In Eurogamer, Devindra Hardawar wrote that the Steam Frame version, released in 2026, was "noticeably less sharp", with jagged edges and "muddier" textures, but came close to replicating the original and "still delivered a sense of awe". In Engadget, Devindra Hardawar wrote that Alyx "still feels like a premium VR experience" despite the reduced graphical fidelity.

Aggregate scores
| Aggregator | Score |
|---|---|
| Metacritic | 93/100 |
| OpenCritic | 97% recommend |

Review scores
| Publication | Score |
|---|---|
| Destructoid | 9/10 |
| Edge | 9/10 |
| Game Informer | 9/10 |
| GameSpot | 9/10 |
| IGN | 10/10 |
| PC Gamer (US) | 92% |
| The Guardian | 5/5 |
| USgamer | 4.5/5 |
| VG247 | 5/5 |

===Sales===
The Valve Index headset, controllers, and base stations sold out in the US, Canada, and Europe within a week of the Alyx announcement. By mid-January 2020, they were sold out in all 31 regions. According to Superdata, Valve sold 103,000 Index units in the fourth quarter of 2019 as a result of the Alyx announcements, compared to the total 149,000 sold throughout 2019, and the Index was the highest-selling VR headset for PCs during that quarter.

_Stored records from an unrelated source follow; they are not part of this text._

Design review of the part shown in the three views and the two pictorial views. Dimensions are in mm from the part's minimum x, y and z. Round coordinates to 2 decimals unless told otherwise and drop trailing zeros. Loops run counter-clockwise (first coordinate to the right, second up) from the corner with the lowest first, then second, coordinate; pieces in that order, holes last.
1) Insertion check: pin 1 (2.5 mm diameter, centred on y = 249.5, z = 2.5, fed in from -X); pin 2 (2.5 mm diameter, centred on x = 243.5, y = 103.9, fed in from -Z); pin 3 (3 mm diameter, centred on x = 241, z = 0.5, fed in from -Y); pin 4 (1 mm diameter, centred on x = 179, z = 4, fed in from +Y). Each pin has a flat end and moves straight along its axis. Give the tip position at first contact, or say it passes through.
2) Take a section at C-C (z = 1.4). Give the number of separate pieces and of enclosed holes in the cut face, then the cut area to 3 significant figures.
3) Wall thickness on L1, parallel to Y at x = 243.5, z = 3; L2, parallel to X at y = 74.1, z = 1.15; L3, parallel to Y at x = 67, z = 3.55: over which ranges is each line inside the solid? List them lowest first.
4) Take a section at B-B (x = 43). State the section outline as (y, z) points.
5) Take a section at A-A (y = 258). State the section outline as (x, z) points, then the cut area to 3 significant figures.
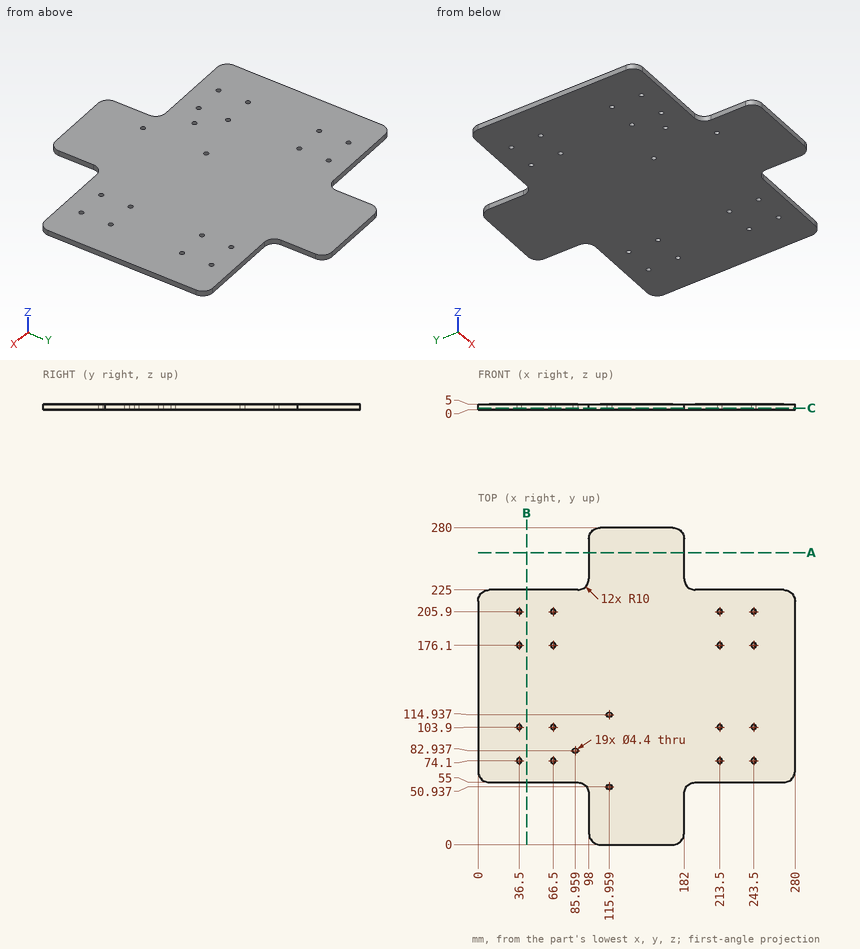
Response:
1. pin 1: stops at x = 98
1. pin 2: passes through
1. pin 3: stops at y = 55
1. pin 4: stops at y = 277.6
2. separate pieces: 1
2. enclosed holes: 19
2. area: 56,500 mm2
3. L1: y = 55 to 71.9, 76.3 to 101.7, 106.1 to 173.9, 178.3 to 203.7, 208.1 to 225
3. L2: x = 0 to 34.3, 38.7 to 64.3, 68.7 to 211.3, 215.7 to 241.3, 245.7 to 280
3. L3: y = 55 to 71.96, 76.24 to 101.76, 106.04 to 173.96, 178.24 to 203.76, 208.04 to 225
4. outline: (55, 0) - (225, 0) - (225, 5) - (55, 5) - close
5. outline: (98, 0) - (182, 0) - (182, 5) - (98, 5) - close
5. area: 420 mm2

Though Valve had expected to supply several Index orders in time for the release of Alyx, the COVID-19 pandemic limited their supply chain.

Valve's Greg Coomer said Valve knew many people would not play Alyx on launch and that its audience was "relatively small right now". Newell described it as a "forward investment" into long-term technologies. In 2021, PCGamesN wrote that though it was "artfully crafted", Alyx had had little cultural impact. As of December 2024, Alyx had sold more than two million copies.

=== Awards ===
Half-Life: Alyx won "Game of the Year" at the 2020 VR Awards. At the Game Awards 2020, it was nominated for "Best Game Direction", "Best Audio Design" and "Best Action", and won for "Best VR/AR". At the 17th British Academy Games Awards, it was nominated for "Best Game", "Game Direction", "Audio Achievement" and "Artistic Achievement". At the 24th Annual D.I.C.E. Awards, it was nominated for "Action Game of the Year", "Outstanding Achievement in Game Direction", and "Outstanding Achievement in Game Design", and won for "Immersive Reality Technical Achievement" and "Immersive Reality Game of the Year".